Ursolic acid reduces the activity of aldose reductase and sorbitol dehydrogenase[90,91]. These enzymes catalyze the reduction of hexoses. In the presence of hyperglycemia, aldose reductase converts glucose to sorbitol. The latter is metabolized to fructose by sorbitol dehydrogenase. During this process, the production of sorbitol and fructose occurs. Reduced nicotinamide adenine dinucleotide phosphate is decreased and nicotinamide adenine dinucleotide phosphate is increased. Sorbitol increases intracellular osmotic pressure and damages tissues by cell edema; fructose causes protein fructosylation.
The increase in the glyoxalase system produced by ursolic acid represents the decrease of cytotoxicity and chronic complications caused by methylglyoxal, a toxic metabolite produced as a by-product of metabolism. This detoxification reaction is carried out by the glyoxalase system.
Administration of ursolic acid was associated with decreased adipocyte differentiation. Adipocytes synthesize and release a wide variety of peptide and non-peptide substances and also store and mobilize triglycerides, cholesterol and retinoids. Lipid-laden adipocytes can be emptied and extended, forming cells that resemble their predecessors not only in appearance but also for its potential for multiplication. This change reflects fully differentiated adipocyte regression to an earlier or less mature, but complete, stage.
Overregulation of the c-Cbl associated protein (CAP) was observed in adipocytes treated with ursolic acid. CAP is expressed only in insulin-sensitive tissues (adipose, liver and muscle). Increase in transcription of CAP is directly related to greater sensitivity to insulin in adipocytes. It is postulated that CAP would facilitate phosphorylation of c-Cbl by the insulin receptor, allowing the union of c-Cbl to the insulin-dependent tyrosine kinase. The relationship of CAP is an example of a direct molecular link between PPARγ sensitivity and insulin in adipose tissue.
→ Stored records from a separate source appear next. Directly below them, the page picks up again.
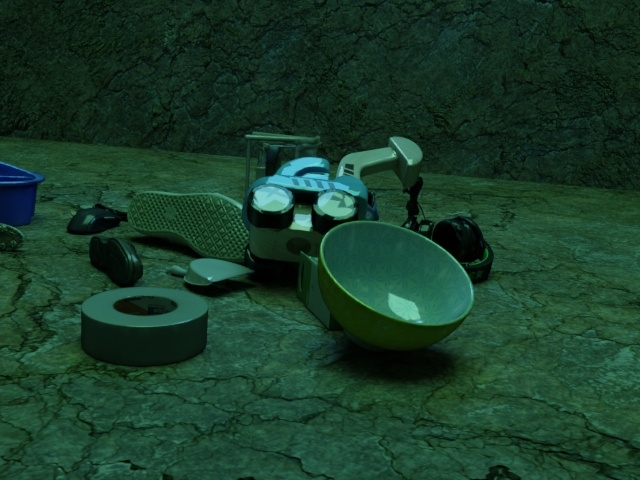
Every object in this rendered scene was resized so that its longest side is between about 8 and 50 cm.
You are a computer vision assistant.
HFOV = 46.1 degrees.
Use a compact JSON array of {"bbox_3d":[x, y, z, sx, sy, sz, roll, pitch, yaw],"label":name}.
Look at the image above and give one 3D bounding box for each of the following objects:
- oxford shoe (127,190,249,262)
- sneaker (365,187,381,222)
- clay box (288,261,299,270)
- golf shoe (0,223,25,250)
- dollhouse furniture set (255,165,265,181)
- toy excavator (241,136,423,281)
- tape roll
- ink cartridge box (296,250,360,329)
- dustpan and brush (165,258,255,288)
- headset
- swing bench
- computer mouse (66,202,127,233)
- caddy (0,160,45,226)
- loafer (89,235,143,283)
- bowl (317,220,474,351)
[{"bbox_3d":[-0.311,-0.041,1.981,0.450,0.169,0.130,12,-6,32],"label":"oxford shoe"},{"bbox_3d":[0.134,-0.105,2.372,0.130,0.147,0.330,5,13,1],"label":"sneaker"},{"bbox_3d":[-0.025,-0.019,1.943,0.222,0.053,0.127,-38,33,-22],"label":"clay box"},{"bbox_3d":[-0.811,-0.016,1.888,0.176,0.069,0.086,8,8,10],"label":"golf shoe"},{"bbox_3d":[-0.149,-0.123,2.281,0.101,0.181,0.161,3,13,-6],"label":"dollhouse furniture set"},{"bbox_3d":[0.038,-0.119,1.836,0.433,0.222,0.445,6,44,-1],"label":"toy excavator"},{"bbox_3d":[-0.310,0.147,1.333,0.219,0.072,0.219,4,12,-1],"label":"tape roll"},{"bbox_3d":[0.014,0.098,1.559,0.062,0.108,0.209,0,14,-20],"label":"ink cartridge box"},{"bbox_3d":[-0.274,0.074,1.716,0.211,0.060,0.147,20,18,30],"label":"dustpan and brush"},{"bbox_3d":[0.310,-0.025,2.004,0.244,0.185,0.394,1,25,-15],"label":"headset"},{"bbox_3d":[-0.133,-0.243,2.639,0.255,0.253,0.165,5,14,5],"label":"swing bench"},{"bbox_3d":[-0.669,-0.077,2.193,0.184,0.060,0.262,10,14,21],"label":"computer mouse"},{"bbox_3d":[-0.967,-0.148,2.145,0.342,0.179,0.241,0,13,-16],"label":"caddy"},{"bbox_3d":[-0.451,0.036,1.726,0.084,0.096,0.268,2,10,-35],"label":"loafer"},{"bbox_3d":[0.117,0.109,1.374,0.290,0.156,0.289,13,35,-9],"label":"bowl"}]

Through the activation of protein kinase A, ursolic acid appears to increase lipolysis in vitro as well as to decrease hormone-sensitive lipase and perilipin activity. Lipolysis favors the production of energy from fatty acids into the mitochondria, enabling the generation of free fatty acids from triglycerides stored in adipocytes of white adipose tissue. As a result, there is an activation of fatty acids as well as a translocation to the mitochondria from tissues such as muscle and brown adipose tissue. As a final result, the production of energy occurs from β-oxidation of fatty acids in mitochondria and in some cases in the peroxisome.
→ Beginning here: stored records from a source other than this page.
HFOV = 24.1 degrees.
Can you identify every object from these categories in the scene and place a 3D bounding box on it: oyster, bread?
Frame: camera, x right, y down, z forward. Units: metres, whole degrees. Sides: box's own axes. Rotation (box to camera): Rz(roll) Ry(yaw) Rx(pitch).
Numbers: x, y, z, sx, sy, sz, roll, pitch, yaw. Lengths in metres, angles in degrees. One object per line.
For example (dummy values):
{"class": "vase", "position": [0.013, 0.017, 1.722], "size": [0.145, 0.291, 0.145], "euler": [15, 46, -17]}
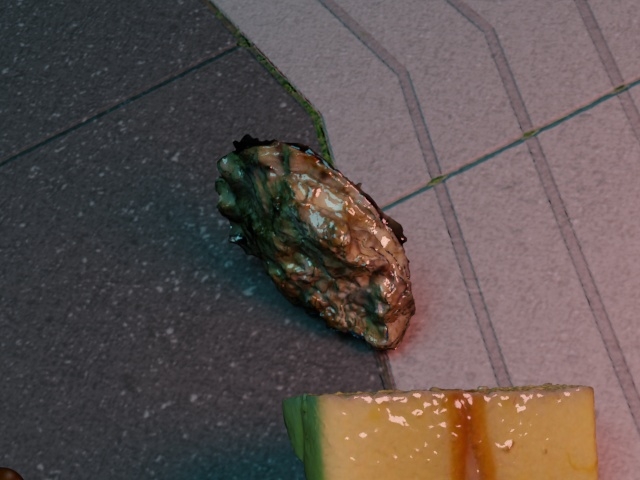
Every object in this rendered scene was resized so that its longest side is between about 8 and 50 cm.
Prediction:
{"class": "oyster", "position": [-0.006, 0.004, 1.510], "size": [0.260, 0.198, 0.092], "euler": [41, 60, -3]}
{"class": "bread", "position": [0.110, 0.174, 1.298], "size": [0.266, 0.142, 0.178], "euler": [-3, 53, -19]}

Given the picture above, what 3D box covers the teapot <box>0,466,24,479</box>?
{"class": "teapot", "position": [-0.335, 0.284, 1.478], "size": [0.129, 0.078, 0.098], "euler": [-49, 13, -8]}

There is no established dose for ursolic acid. Animal studies have found benefits with ursolic acid at 0.05%-0.2% of the diet[86-93], which is about 10-40 mg/kg based on their weight and food intake. In clinical trials, a 150-mg dose one to three times a day has been used, providing a maximum of 450 mg and revealing some biological activity.
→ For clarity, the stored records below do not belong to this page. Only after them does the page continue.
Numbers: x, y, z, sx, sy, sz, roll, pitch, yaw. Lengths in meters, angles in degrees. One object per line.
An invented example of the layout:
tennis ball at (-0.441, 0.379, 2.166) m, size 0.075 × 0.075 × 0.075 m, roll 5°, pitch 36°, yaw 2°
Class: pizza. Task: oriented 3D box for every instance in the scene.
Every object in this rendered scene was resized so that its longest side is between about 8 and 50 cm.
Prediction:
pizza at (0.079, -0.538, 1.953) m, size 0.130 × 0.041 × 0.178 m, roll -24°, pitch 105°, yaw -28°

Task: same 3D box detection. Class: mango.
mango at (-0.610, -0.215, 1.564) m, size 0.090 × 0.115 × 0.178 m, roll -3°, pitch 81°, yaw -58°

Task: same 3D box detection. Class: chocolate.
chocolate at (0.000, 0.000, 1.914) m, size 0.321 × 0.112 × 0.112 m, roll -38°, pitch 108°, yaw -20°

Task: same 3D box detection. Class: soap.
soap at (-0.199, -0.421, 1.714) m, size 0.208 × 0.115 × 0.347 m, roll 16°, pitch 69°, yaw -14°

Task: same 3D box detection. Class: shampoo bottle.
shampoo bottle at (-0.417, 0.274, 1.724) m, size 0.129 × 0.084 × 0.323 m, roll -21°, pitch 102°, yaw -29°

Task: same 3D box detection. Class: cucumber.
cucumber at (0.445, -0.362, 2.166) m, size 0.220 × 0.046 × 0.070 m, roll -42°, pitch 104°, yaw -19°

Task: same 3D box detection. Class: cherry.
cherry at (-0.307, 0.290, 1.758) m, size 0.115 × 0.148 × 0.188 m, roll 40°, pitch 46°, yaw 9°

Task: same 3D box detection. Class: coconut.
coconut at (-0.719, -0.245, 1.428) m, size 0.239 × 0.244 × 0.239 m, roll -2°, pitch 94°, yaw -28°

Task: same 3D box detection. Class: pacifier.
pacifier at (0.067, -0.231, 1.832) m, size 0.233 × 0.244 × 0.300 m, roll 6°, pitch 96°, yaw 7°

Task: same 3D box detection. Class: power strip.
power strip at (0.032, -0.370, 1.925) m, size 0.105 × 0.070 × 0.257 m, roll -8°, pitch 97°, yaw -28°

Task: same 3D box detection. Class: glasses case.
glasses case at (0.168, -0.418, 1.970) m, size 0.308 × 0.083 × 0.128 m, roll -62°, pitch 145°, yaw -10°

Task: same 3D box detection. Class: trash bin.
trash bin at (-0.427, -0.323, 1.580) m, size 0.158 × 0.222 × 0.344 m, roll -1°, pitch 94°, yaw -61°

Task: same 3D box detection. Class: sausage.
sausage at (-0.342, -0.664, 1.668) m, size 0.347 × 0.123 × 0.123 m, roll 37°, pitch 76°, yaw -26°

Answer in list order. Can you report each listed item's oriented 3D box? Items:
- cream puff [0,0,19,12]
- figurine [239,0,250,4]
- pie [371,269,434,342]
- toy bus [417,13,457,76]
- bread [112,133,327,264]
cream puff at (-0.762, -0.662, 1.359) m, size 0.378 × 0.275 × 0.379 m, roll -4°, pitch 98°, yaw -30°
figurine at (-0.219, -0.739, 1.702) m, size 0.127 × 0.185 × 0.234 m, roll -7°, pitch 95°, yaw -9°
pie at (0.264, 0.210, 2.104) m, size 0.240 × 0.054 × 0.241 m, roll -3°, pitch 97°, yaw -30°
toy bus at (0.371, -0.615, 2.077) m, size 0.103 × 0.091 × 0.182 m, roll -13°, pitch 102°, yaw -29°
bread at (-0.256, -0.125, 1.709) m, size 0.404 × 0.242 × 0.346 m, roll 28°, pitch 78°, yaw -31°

No adverse effects have been associated with ursolic acid in humans. However, studies in animals have reported that ursolic acid at very high doses resulted in a decrease of sperm motility, cell death and DNA damage. Due to the beneficial effects of ursolic acid on several components of the MetS, its clinical administration should be further studied.
Nutraceutic therapies such as berberine, bitter melon, G. sylvestre, I. gabonensis, resveratrol and ursolic acid have demonstrated substantial scientific information regarding their safety and beneficial effects to be comprehensively considered for treating patients with MetS. Berberine and resveratrol, which already have been studied in patients with MetS, have demonstrated valuable results. For the remainder of the nutraceutics presented in this review, it may be necessary to perform more in-depth studies to be clinically recommended.